A review by categj
Y by Marjorie Celona

4.0

Marjorie Celona's debut novel Y is a beautifully written story about love, loss and belonging. The tale opens in the early hours of the morning as a young woman abandons her newborn daughter on the steps of the Victoria YMCA.

The book is written in two narratives with Shannon, in alternating chapters, tracing her life from birth through her adolescence and sharing the story of her mother, Yula, beginning a few days before her daughters birth and the tragedy leading up to the scene at the YMCA, where she set down her newborn, wrapped in an old, grey sweatshirt, and walks swiftly away without looking back.

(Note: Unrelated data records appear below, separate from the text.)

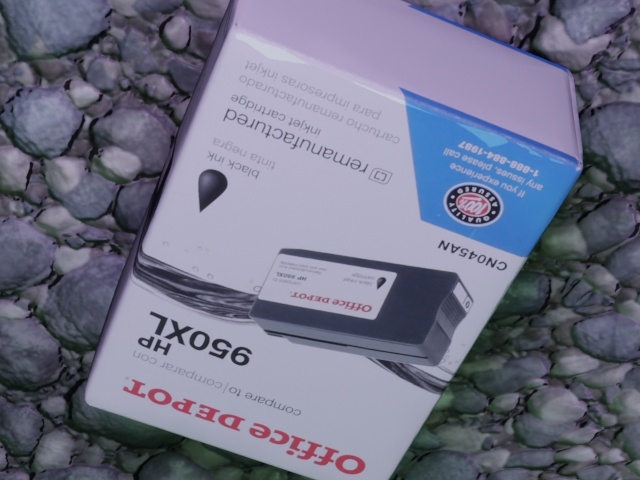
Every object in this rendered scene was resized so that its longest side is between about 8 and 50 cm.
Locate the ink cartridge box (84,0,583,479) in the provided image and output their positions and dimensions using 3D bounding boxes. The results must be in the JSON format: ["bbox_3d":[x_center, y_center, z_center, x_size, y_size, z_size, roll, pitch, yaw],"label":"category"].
[{"bbox_3d":[0.000,0.000,1.158,0.285,0.166,0.395,20,125,-9],"label":"ink cartridge box"}]
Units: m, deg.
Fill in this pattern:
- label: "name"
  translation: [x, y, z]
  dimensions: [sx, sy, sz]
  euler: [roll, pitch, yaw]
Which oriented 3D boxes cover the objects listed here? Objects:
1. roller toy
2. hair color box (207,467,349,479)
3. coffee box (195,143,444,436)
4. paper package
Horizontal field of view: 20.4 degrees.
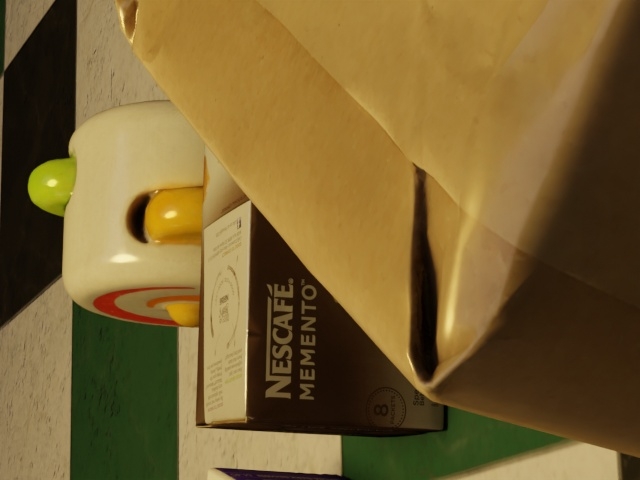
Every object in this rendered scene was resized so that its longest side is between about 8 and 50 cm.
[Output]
- label: "roller toy"
  translation: [-0.090, -0.009, 1.296]
  dimensions: [0.209, 0.191, 0.146]
  euler: [-11, 72, 42]
- label: "hair color box"
  translation: [0.020, 0.261, 1.086]
  dimensions: [0.339, 0.110, 0.185]
  euler: [-168, 85, -69]
- label: "coffee box"
  translation: [0.000, 0.000, 1.145]
  dimensions: [0.098, 0.141, 0.246]
  euler: [161, 113, -65]
- label: "paper package"
  translation: [0.138, -0.044, 0.566]
  dimensions: [0.168, 0.325, 0.309]
  euler: [-66, 26, 14]
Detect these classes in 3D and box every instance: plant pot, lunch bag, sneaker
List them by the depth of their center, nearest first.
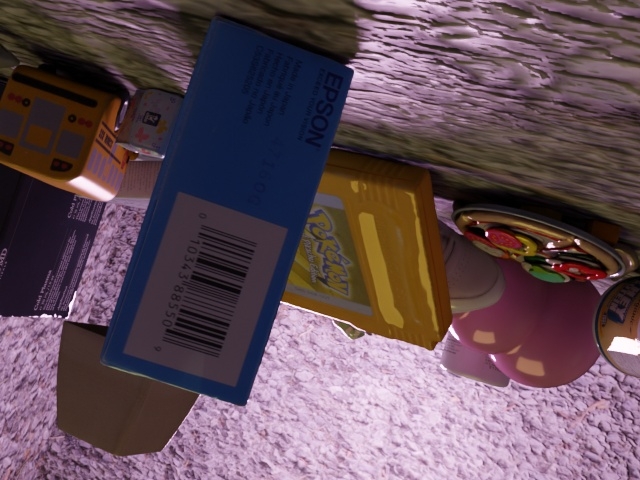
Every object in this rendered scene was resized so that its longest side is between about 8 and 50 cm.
[{"bbox_3d":[-0.179,0.139,0.734,0.109,0.096,0.109,16,175,23],"label":"plant pot"},{"bbox_3d":[-0.186,-0.130,0.888,0.053,0.071,0.083,25,174,-39],"label":"lunch bag"},{"bbox_3d":[0.102,0.004,1.035,0.305,0.114,0.152,25,165,3],"label":"sneaker"}]

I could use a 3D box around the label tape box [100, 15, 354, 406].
[{"bbox_3d":[-0.089,-0.018,0.700,0.115,0.249,0.347,18,176,-7],"label":"label tape box"}]

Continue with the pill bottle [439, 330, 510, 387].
[{"bbox_3d":[0.312,0.144,1.471,0.131,0.229,0.131,17,176,1],"label":"pill bottle"}]

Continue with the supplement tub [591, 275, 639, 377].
[{"bbox_3d":[0.463,0.119,1.047,0.144,0.144,0.199,18,176,-5],"label":"supplement tub"}]

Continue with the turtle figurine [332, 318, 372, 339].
[{"bbox_3d":[0.093,0.052,1.279,0.266,0.198,0.274,-3,167,-46],"label":"turtle figurine"}]

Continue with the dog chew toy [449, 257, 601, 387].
[{"bbox_3d":[0.290,0.101,1.266,0.332,0.206,0.206,26,174,-18],"label":"dog chew toy"}]

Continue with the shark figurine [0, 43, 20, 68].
[{"bbox_3d":[-0.471,-0.202,0.843,0.278,0.116,0.166,12,173,38],"label":"shark figurine"}]

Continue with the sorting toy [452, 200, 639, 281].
[{"bbox_3d":[0.275,0.005,1.001,0.229,0.041,0.307,16,177,15],"label":"sorting toy"}]

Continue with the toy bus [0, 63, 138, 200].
[{"bbox_3d":[-0.300,-0.127,0.993,0.108,0.130,0.332,18,176,-6],"label":"toy bus"}]

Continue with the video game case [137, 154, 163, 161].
[{"bbox_3d":[-0.355,-0.161,1.623,0.201,0.023,0.183,16,177,13],"label":"video game case"}]

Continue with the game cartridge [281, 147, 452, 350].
[{"bbox_3d":[0.000,0.000,0.993,0.323,0.053,0.285,16,142,31],"label":"game cartridge"}]

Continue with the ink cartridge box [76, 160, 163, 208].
[{"bbox_3d":[-0.158,-0.076,1.285,0.330,0.071,0.324,3,177,21],"label":"ink cartridge box"}]

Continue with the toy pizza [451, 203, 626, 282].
[{"bbox_3d":[0.242,0.011,0.908,0.201,0.032,0.201,21,171,3],"label":"toy pizza"}]

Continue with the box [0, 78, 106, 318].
[{"bbox_3d":[-0.496,-0.060,1.283,0.179,0.343,0.312,17,176,8],"label":"box"}]
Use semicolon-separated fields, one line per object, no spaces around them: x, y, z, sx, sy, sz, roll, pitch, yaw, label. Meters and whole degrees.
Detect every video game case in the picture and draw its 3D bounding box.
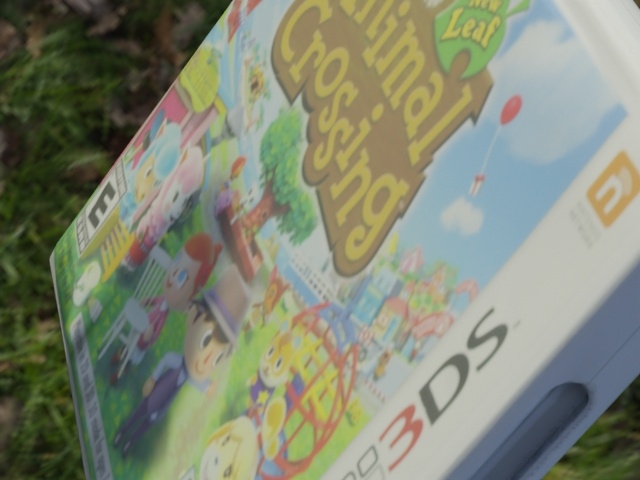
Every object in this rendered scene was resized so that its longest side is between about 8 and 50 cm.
0.000;0.000;0.439;0.023;0.193;0.212;26;26;-29;video game case
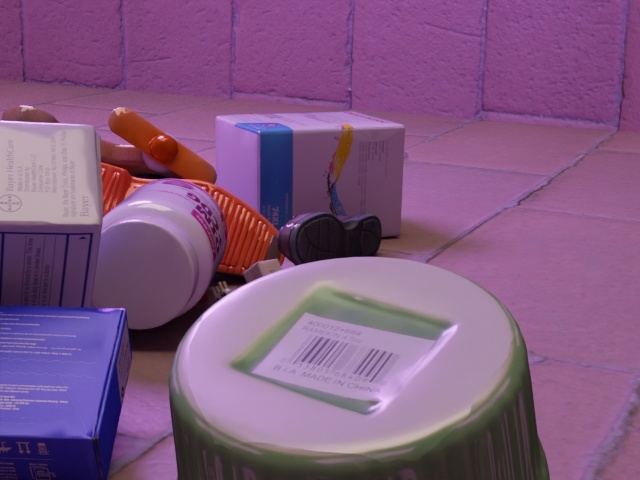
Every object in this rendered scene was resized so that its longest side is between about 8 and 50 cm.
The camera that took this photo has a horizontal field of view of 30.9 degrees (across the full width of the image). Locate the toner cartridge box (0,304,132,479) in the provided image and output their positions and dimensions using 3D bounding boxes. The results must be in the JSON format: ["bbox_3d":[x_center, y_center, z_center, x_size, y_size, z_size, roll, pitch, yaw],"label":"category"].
[{"bbox_3d":[-0.360,0.138,1.068,0.348,0.075,0.165,2,40,1],"label":"toner cartridge box"}]

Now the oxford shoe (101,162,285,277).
[{"bbox_3d":[-0.228,-0.017,1.734,0.364,0.130,0.132,19,-27,2],"label":"oxford shoe"}]

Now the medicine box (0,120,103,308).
[{"bbox_3d":[-0.384,0.014,1.204,0.289,0.263,0.149,2,48,-16],"label":"medicine box"}]

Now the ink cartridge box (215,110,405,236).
[{"bbox_3d":[-0.019,-0.111,1.978,0.270,0.197,0.198,-5,15,-25],"label":"ink cartridge box"}]

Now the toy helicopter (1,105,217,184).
[{"bbox_3d":[-0.316,-0.126,1.770,0.355,0.140,0.235,22,-24,-37],"label":"toy helicopter"}]

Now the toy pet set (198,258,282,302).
[{"bbox_3d":[-0.082,0.076,1.551,0.122,0.065,0.114,-9,-20,-46],"label":"toy pet set"}]

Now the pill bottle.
[{"bbox_3d":[-0.212,0.016,1.502,0.160,0.160,0.283,2,11,1],"label":"pill bottle"}]

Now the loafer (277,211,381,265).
[{"bbox_3d":[0.000,0.000,1.767,0.084,0.096,0.267,6,5,30],"label":"loafer"}]

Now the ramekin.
[{"bbox_3d":[0.026,0.139,0.906,0.304,0.148,0.303,-5,30,3],"label":"ramekin"}]

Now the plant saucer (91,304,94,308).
[{"bbox_3d":[-0.341,0.101,1.429,0.199,0.036,0.198,1,15,0],"label":"plant saucer"}]

Shannon’s story is a typical tale of a child thrust into the social services system, constantly moving from foster home to foster home all the while feeling lost, alone — a misfit everywhere she lands. Her wildly curly white-blond hair, her one blind eye and small stature only serve to emphasize her difference from those around her.

Eventually, Shannon is taken in by Miranda a single-mother with a daughter, Lydia-Rose. As Shannon strives to find a way to fit into this little family, she is hindered by an overwhelming desire to discover the answers to her many questions — "Where did I come from? Who are my parents and especially — Why did my mother abandon me? "

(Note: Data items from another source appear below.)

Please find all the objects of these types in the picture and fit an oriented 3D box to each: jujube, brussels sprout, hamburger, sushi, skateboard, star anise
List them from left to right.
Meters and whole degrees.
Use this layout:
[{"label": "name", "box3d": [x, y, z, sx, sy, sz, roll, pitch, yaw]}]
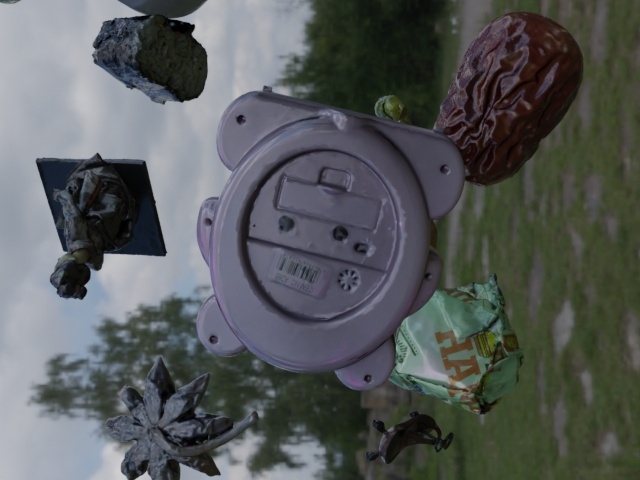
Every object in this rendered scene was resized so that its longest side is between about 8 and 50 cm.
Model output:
[{"label": "sushi", "box3d": [-0.287, -0.321, 1.528, 0.212, 0.115, 0.147, 13, -93, -61]}, {"label": "star anise", "box3d": [-0.226, 0.292, 1.380, 0.081, 0.263, 0.230, 24, -119, -70]}, {"label": "brussels sprout", "box3d": [0.129, -0.207, 1.508, 0.083, 0.046, 0.051, 48, 165, -13]}, {"label": "skateboard", "box3d": [0.147, 0.315, 1.429, 0.151, 0.080, 0.067, -9, -66, -46]}, {"label": "hamburger", "box3d": [0.239, 0.166, 1.499, 0.235, 0.214, 0.125, -69, -25, -20]}, {"label": "jujube", "box3d": [0.236, -0.177, 1.154, 0.230, 0.155, 0.155, -63, 0, 3]}]

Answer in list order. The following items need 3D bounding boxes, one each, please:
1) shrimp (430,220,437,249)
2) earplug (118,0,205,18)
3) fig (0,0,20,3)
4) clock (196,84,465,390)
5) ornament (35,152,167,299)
[{"label": "shrimp", "box3d": [0.094, 0.025, 1.687, 0.062, 0.294, 0.154, 175, 76, -74]}, {"label": "earplug", "box3d": [-0.236, -0.629, 1.637, 0.394, 0.313, 0.312, -23, 60, 49]}, {"label": "fig", "box3d": [-0.454, -0.420, 1.332, 0.093, 0.093, 0.166, 88, -174, -47]}, {"label": "clock", "box3d": [0.000, 0.000, 1.060, 0.113, 0.296, 0.322, -69, -8, -79]}, {"label": "ornament", "box3d": [-0.303, 0.004, 1.113, 0.196, 0.153, 0.166, -75, -17, -53]}]
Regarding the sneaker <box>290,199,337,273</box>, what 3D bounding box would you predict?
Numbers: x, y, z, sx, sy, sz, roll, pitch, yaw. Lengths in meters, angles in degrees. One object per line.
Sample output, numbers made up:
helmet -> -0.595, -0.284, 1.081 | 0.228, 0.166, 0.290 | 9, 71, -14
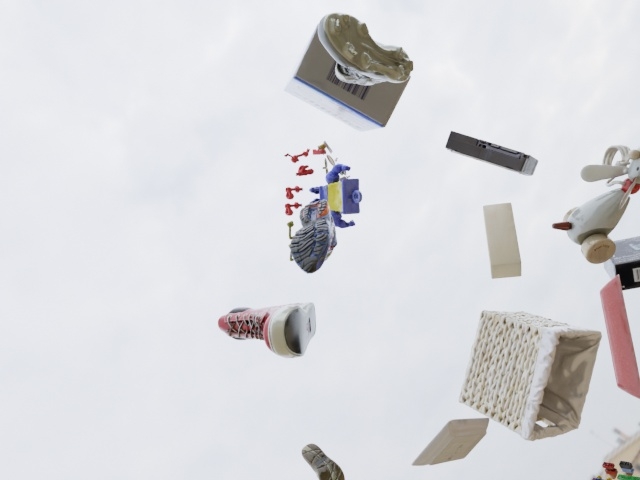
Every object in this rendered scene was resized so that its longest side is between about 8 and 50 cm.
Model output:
sneaker -> 0.000, 0.000, 1.151 | 0.087, 0.083, 0.221 | 61, -158, -26

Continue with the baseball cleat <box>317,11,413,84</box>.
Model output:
baseball cleat -> 0.045, -0.258, 0.814 | 0.205, 0.109, 0.072 | 9, -98, -49

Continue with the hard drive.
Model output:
hard drive -> 0.542, -0.266, 1.785 | 0.339, 0.236, 0.064 | -9, -61, -65

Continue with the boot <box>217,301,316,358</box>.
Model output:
boot -> -0.111, 0.156, 1.005 | 0.244, 0.176, 0.089 | 8, -101, -82

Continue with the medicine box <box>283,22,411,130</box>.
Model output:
medicine box -> 0.059, -0.416, 1.518 | 0.263, 0.289, 0.149 | 26, -87, -11

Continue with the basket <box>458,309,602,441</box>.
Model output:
basket -> 0.641, 0.390, 1.751 | 0.328, 0.266, 0.331 | 8, -83, -43

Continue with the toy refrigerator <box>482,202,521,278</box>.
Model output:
toy refrigerator -> 0.639, 0.000, 2.017 | 0.094, 0.102, 0.270 | 66, -157, -49

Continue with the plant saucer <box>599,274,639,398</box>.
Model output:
plant saucer -> 0.673, 0.221, 1.287 | 0.259, 0.047, 0.259 | 21, -118, -60

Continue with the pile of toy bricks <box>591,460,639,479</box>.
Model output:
pile of toy bricks -> 0.894, 0.713, 1.623 | 0.118, 0.212, 0.105 | -36, -79, -34

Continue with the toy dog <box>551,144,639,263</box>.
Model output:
toy dog -> 0.727, -0.109, 1.494 | 0.160, 0.220, 0.334 | 12, -77, -19

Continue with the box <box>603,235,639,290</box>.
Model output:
box -> 0.931, 0.062, 1.684 | 0.158, 0.155, 0.093 | -64, -41, -64

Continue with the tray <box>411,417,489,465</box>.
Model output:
tray -> 0.329, 0.494, 1.388 | 0.145, 0.030, 0.270 | -52, -36, 12

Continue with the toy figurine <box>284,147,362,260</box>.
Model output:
toy figurine -> 0.031, -0.104, 1.734 | 0.191, 0.217, 0.363 | -5, -85, -45

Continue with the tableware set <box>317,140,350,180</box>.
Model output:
tableware set -> 0.039, -0.257, 1.896 | 0.024, 0.104, 0.154 | -36, -87, -9

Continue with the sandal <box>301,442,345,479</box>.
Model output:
sandal -> 0.009, 0.653, 1.627 | 0.072, 0.180, 0.049 | -25, -52, -26
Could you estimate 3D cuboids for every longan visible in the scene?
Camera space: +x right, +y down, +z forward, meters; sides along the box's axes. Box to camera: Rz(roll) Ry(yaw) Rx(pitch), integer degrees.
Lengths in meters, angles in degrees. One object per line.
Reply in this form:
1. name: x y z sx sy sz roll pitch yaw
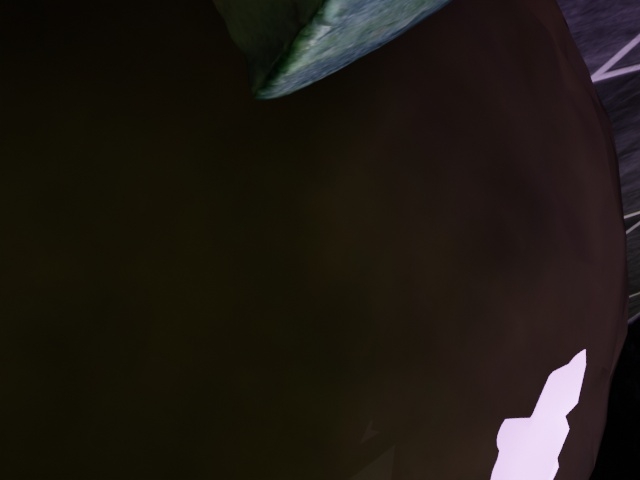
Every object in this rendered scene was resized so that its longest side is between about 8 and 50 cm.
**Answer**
1. longan: -0.098 0.025 0.673 0.436 0.404 0.404 -16 164 -28

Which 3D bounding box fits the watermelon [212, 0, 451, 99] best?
1. watermelon: 0.003 -0.198 0.387 0.148 0.318 0.226 -23 -152 -30

Shannon's longing to find her place in the world pushes her to embark upon a search for identity and belonging and along the way she finds that the answers to her big questions sometimes leads to surprising endings.

Ms. Celona's writing creates a compelling, bittersweet picture of the age-old desire to be a part of something, to know where we come from and why life unfolds as it does. Her characters, in this novel, are very real and their emotions and actions feel familiar. The novel is eminently readable and while the story is very sad, there is a sense of hope that permeates throughout, notwithstanding the book’s darkest moments.